Chicago Family Business Council at DePaul University

04 Mar Chicago Family Business Council at DePaul University

This week I flew from my hometown of Dallas to address the Chicago Family Business Council at DePaul University.  I was so honored to address this illustrious group of family companies and I am very appreciative of their faith in me and the work I do.

The Council, also known as the CFBC, is made up of some 157-business owners who represent about 90 different companies across a broad spectrum of industries. The membership also varies in size and profitability, from the “mom and pops” to the bigger, more diversified companies. About 80% of CFBC’s membership is comprised of family businesses while the rest is privately held or headed up by a sole entrepreneur.

Every year the Council hosts a wide number of conferences or events. Many of their activities are centered around the smaller, roundtable discussions involving some key elements of family business or managerial best practices.  This month they decided to bring me in to give my keynote presentation, Texas Patriarch – The Rise and Fall of a Family Business.

In the fall of 2016, I completed the written version of this story in a newly released book entitled, Texas Patriarch – A Legacy Lost.   I was tickled when CFBC bought 10 copies of my book and gave them away to randomly selected winners in the audience. I made sure each winner got an autographed copy.

Founded in 1993 by the late visionary, James P. Liautaud, CFBC began with an association at the University of Illinois. For the next two decades, CFBC operated under the auspices of the University of Chicago but in 2012, a new alliance was formed with DePaul.

I have to admit that in some ways, this was a strange trip for me. It was the first time I’d ever visited the Chicago area without actually seeing the big city, of which I have become a huge fan. That’s because the conference was held out in the suburbs of Oak Brook, located a bit south and west of downtown.

Late that afternoon, the conference finally gets underway and when it does, the pace is fast and furious.  The next four hours is terribly intense for me as I am completely focused on giving the best presentation I can and, following that, meeting all the families of CFBC and hearing their stories.

But I have to say that the most interesting part of the experience for me is what happens after I am done speaking.  For the next hour and a half, I am working the room.  In almost every case, those who approached me were just as open as I was during the hour and a half talk.

Their stories all seem to follow a familiar pattern; a founder who is fast approaching retirement and the next generation grappling with all sorts of questions about what to do with the business.
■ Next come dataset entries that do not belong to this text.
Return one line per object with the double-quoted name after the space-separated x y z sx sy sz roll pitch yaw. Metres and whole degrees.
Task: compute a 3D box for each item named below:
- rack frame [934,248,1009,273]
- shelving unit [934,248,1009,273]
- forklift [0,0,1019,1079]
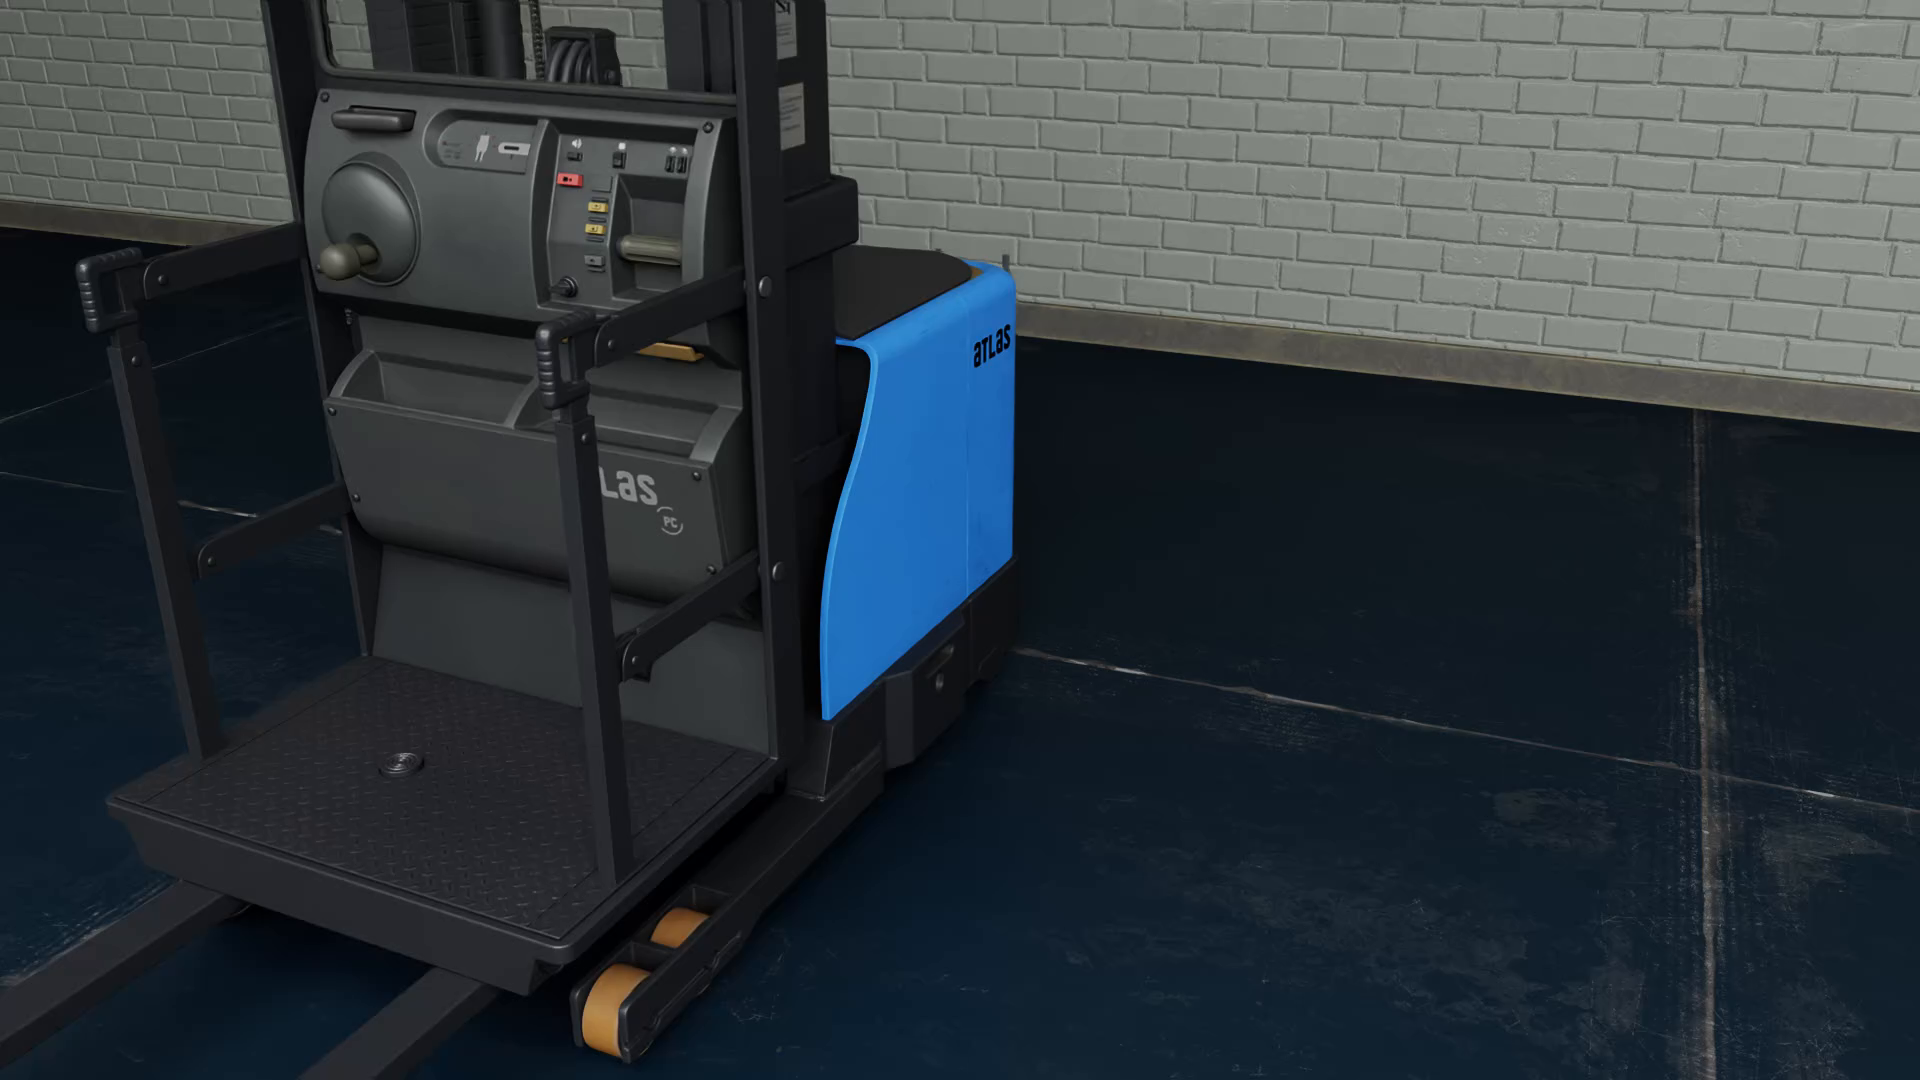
0.035 -0.449 5.157 0.240 0.900 0.006 9 24 20 "rack frame"
-0.003 -0.412 5.070 0.258 0.900 0.210 9 24 20 "shelving unit"
-0.934 -0.607 2.901 1.130 2.935 3.031 10 25 23 "forklift"

  • Who should run the business after dad retires?
  • Should we keep the business or sell it?
  • If we sell it, can we manage our money well enough to last forever?
  • If we do decide to keep it, how should we run it?

These, as well as so many other questions are weighing heavily on the minds of all of these entrepreneurs.

There is one point during my talk in which I am always very firm. I tell each audience – just as I told the one at Oak Brook – that I have a bias. My bias is that I am almost always opposed to selling the family firm.

This then, is my value proposition…to do whatever it takes to keep the family enterprise alive. Working together, if we can come up with a strategy to perpetuate the family business and get through these difficult transition periods, I believe we can create real value.

In fact, tremendous value.

This, in essence, is what my practice is all about…perpetuating, preserving and sustaining the family business and doing all that we can to serve the best interests of the family that owns it.

Many thanks to the Chicago Family Business Council.